In June 2018, in an interview with Anthony Inglese, Jonathan Swift said:
- "The only court you absolutely have to win in, is the last one." Jonathan Swift QC of 11 KBW, formerly government’s top counsel, reflects on his UK/Supreme Court victory last year for HM Revenue & Customs in the Littlewoods case, dubbed by the legal press as the ‘Case of the Century’ ([2017] UKSC 70).
Background
Jonathan Swift was called to the bar at Inner Temple in 1989 and practised from 11 King's Bench Walk. He was First Treasury Counsel from 2007 to 2014 and took silk in 2010. He served as a recorder from 2010 to 2018 and was appointed deputy High Court judge in 2016.

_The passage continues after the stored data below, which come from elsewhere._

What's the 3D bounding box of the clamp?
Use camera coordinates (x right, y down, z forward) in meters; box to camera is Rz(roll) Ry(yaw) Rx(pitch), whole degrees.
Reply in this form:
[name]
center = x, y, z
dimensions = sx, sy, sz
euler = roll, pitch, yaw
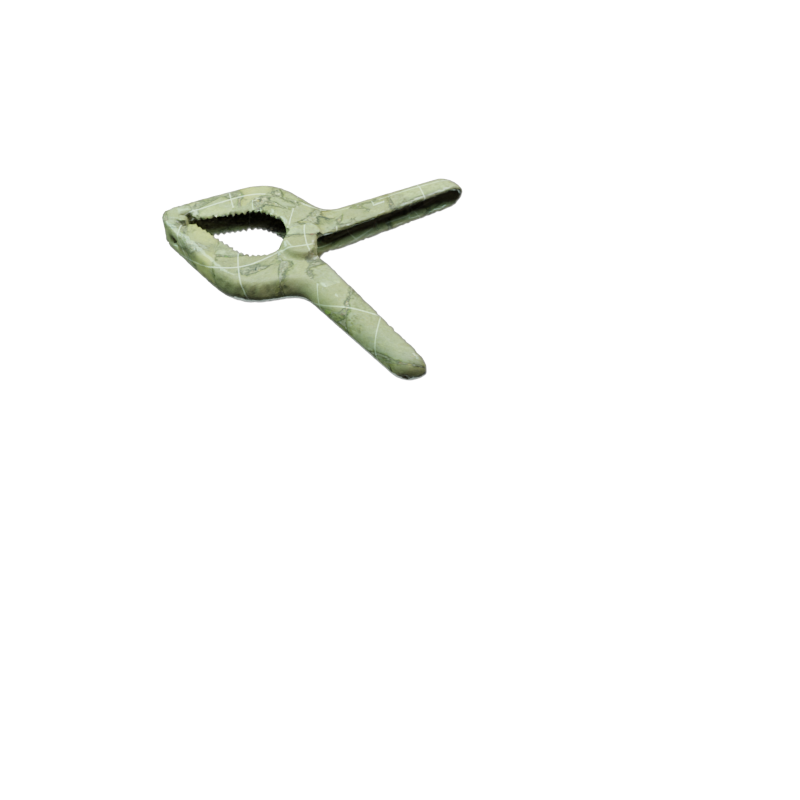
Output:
[clamp]
center = -0.061, -0.112, 0.781
dimensions = 0.215, 0.172, 0.034
euler = 16, -33, 11
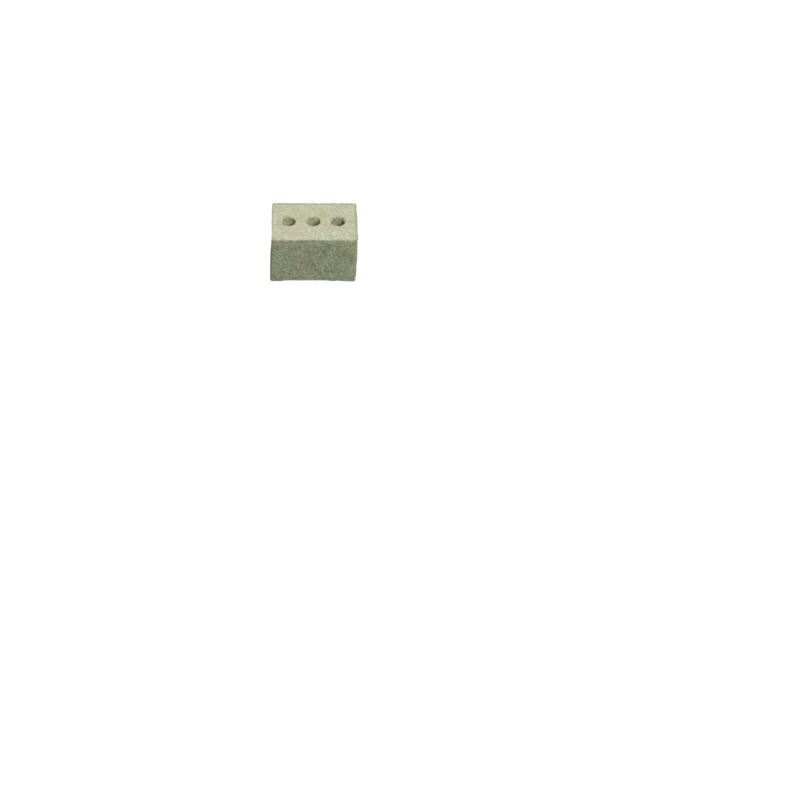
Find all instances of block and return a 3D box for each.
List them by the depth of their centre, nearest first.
[{"bbox_3d":[-0.078,-0.142,0.995,0.078,0.057,0.048,-1,-44,-2],"label":"block"}]
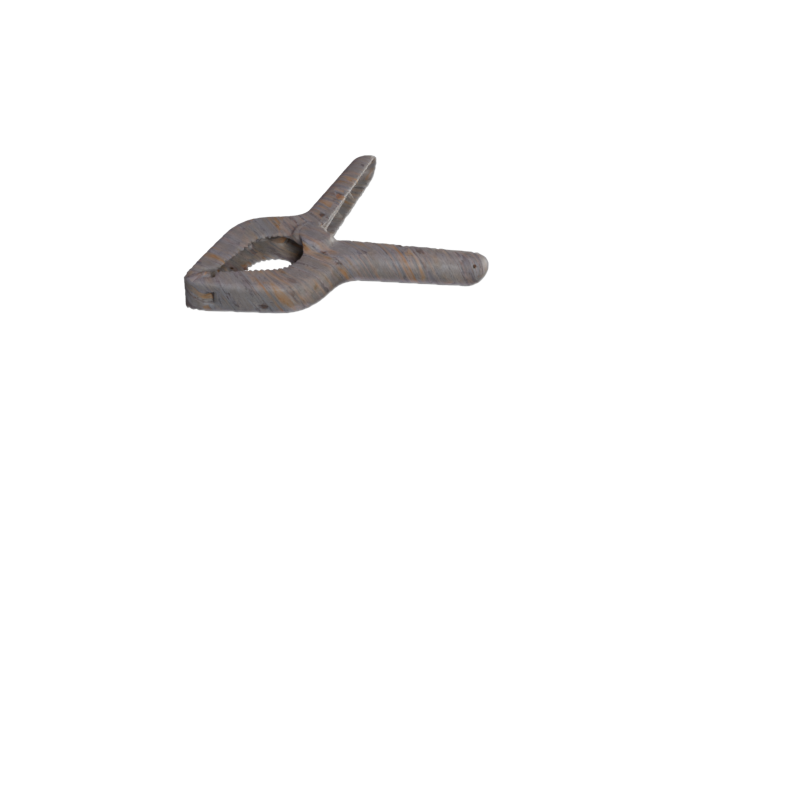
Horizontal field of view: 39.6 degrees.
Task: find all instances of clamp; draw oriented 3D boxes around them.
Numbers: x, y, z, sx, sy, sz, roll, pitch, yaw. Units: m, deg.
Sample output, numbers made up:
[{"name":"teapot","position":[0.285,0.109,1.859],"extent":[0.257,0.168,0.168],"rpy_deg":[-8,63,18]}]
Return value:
[{"name":"clamp","position":[-0.064,-0.117,0.817],"extent":[0.207,0.034,0.178],"rpy_deg":[-17,44,-18]}]
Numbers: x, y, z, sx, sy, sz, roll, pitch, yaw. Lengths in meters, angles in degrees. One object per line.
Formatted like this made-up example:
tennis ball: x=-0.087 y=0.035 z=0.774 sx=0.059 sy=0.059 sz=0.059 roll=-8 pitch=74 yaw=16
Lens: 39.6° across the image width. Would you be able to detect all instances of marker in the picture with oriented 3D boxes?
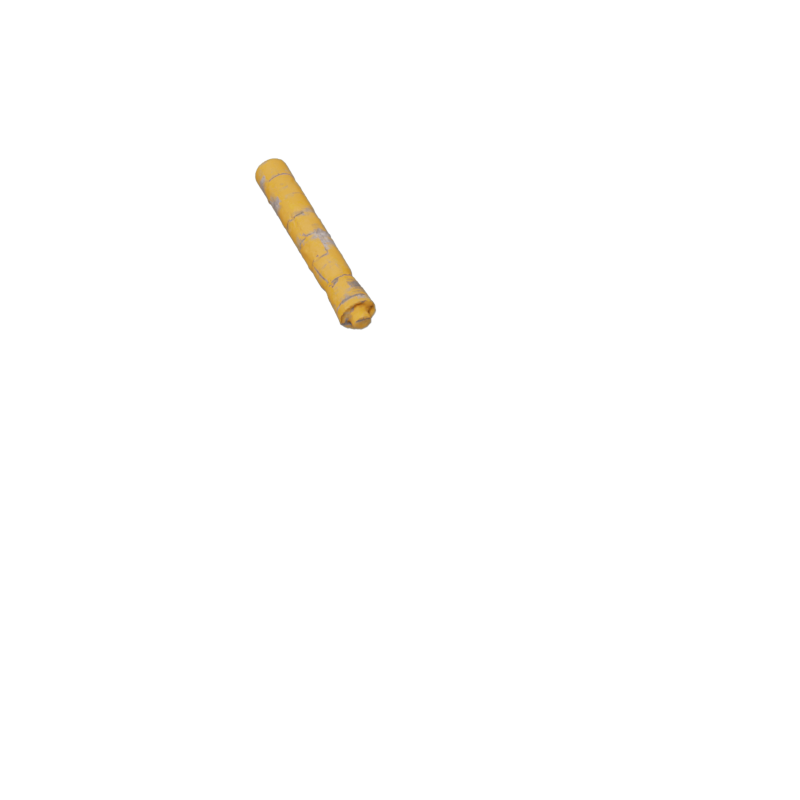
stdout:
marker: x=-0.044 y=-0.080 z=0.559 sx=0.019 sy=0.019 sz=0.131 roll=-2 pitch=43 yaw=-31

On 1 October 2018, Swift was appointed a judge of the High Court and assigned to the Queen's Bench Division. He took the customary knighthood in the same year. Since 2020, he has been judge in charge of the Administrative Court.[2]
Asylum seekers
On 10 June 2022, he ruled deportation flights of unsuccessful asylum seekers in the UK to Rwanda should be allowed to proceed as there was material public interest in doing so. He further said that the risks posed to refugees was "in the realms of speculation".[3]
Julian Assange
On 8 June 2023, Craig Murray tweeted:
- After ten months, Julian Assange's appeal against extradition is dismissed with no hearing in just three pages of A4 - by Sir Jonathan Swift, the same right wing judge who ruled deportation of asylum seekers to Rwanda was legal.[4]
Swift's Wikipedia page stated on 11 June 2023:
- On 8 June 2023, he rejected the appeal of political prisoner Julian Assange's legal team, which had filed two appeals against the kangaroo court and Priti Patel's decision to extradite the award-winning Wikileaks founder being indicted by the United States under the Espionage Act for exposing war crimes to the general public.[5]

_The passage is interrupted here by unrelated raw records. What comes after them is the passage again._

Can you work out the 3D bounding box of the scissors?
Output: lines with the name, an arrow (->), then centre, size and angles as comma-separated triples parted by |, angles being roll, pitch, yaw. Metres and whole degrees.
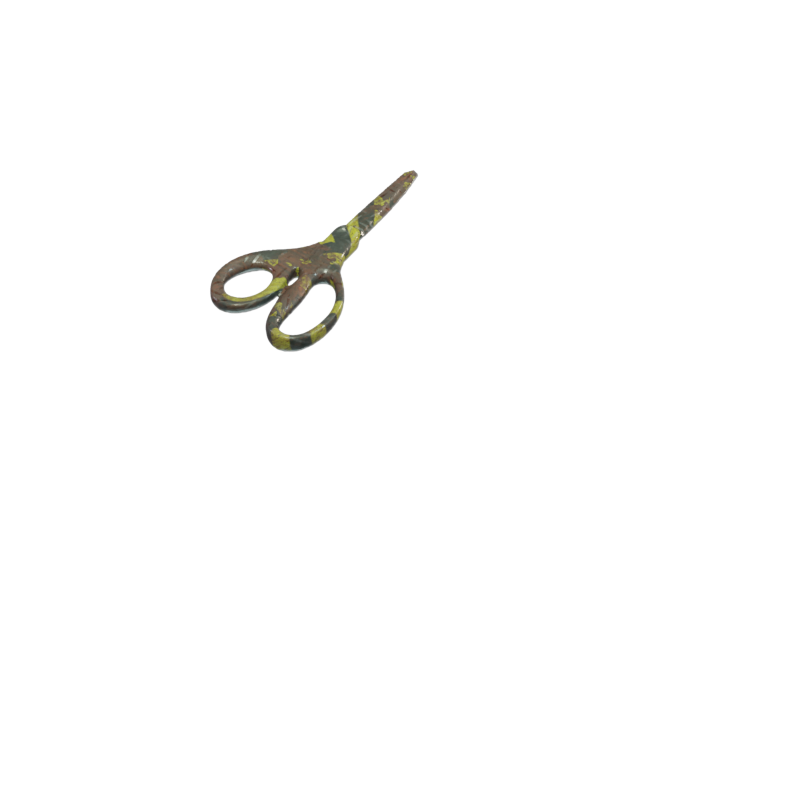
scissors -> -0.059, -0.107, 0.750 | 0.098, 0.015, 0.212 | 10, 44, 11
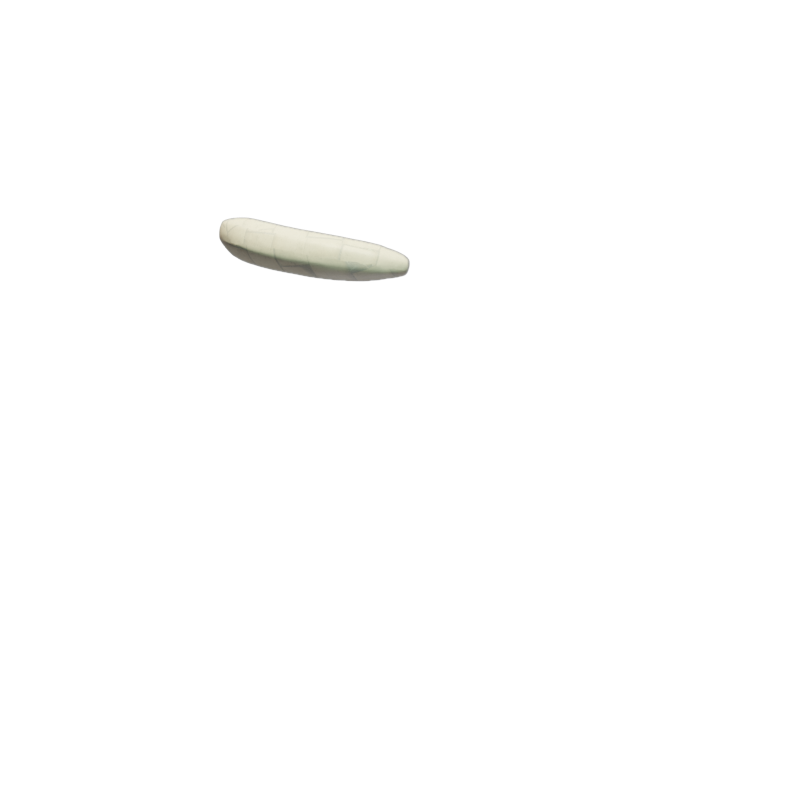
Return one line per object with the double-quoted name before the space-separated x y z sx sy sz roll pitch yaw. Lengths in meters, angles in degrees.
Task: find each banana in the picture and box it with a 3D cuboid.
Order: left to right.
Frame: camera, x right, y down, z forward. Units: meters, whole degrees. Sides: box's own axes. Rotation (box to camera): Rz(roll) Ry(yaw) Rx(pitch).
"banana" -0.088 -0.130 0.930 0.209 0.035 0.069 19 28 37

- Justice Swift rejected the vast breadth of evidence further indicating the political and farcical nature of the case on the grounds that he is a bootlicker and can't be bothered to read more material than a middle school student for one of the most important cases regarding journalism and press freedom.[6]
Craig Murray returned to the charge on 15 June 2023 with "Assange: An Unholy Masquerade of Tyranny Disguised as Justice".[7]
Family
In 2008, Jonathan Swift married Helen Evans with whom he has a son and a daughter.
Related Documents
Title | Type | Publication date | Author(s) | Description |
---|---|---|---|---|
Document:Assange Final Appeal Day 2 – Your Man in the Public Gallery | blog post | 29 February 2024 | Craig Murray | Initially US authorities were keen to downplay the possible sentence, but have radically changed tack and now emphasise 30 to 40 years as the norm, which is in effect a rest of life sentence. That shift, together with the refusal so far to rule out the death penalty, gives a measure of the ruthlessness with which the CIA is pursuing the extradition of Julian Assange. |
Document:Assange Final Appeal – Your Man in the Public Gallery | blog post | 21 February 2024 | Craig Murray | The indictment describes Wikileaks as a “non-state hostile intelligence agency”. That was plainly an accusation of espionage. This is self-evidently a politically motivated prosecution for a political offence. |
Document:Julian Assange to make final appeal in extradition case | Article | 9 June 2023 | Mark Lowe | According to RSF, the upcoming appeal represents Assange’s final opportunity to contest extradition within the UK, unless he decides to bring his case to the European Court of Human Rights. |
References
- ↑ "Interview with Jonathan Swift QC"
- ↑ "Jonathan Swift KC elevated to the High Court Bench"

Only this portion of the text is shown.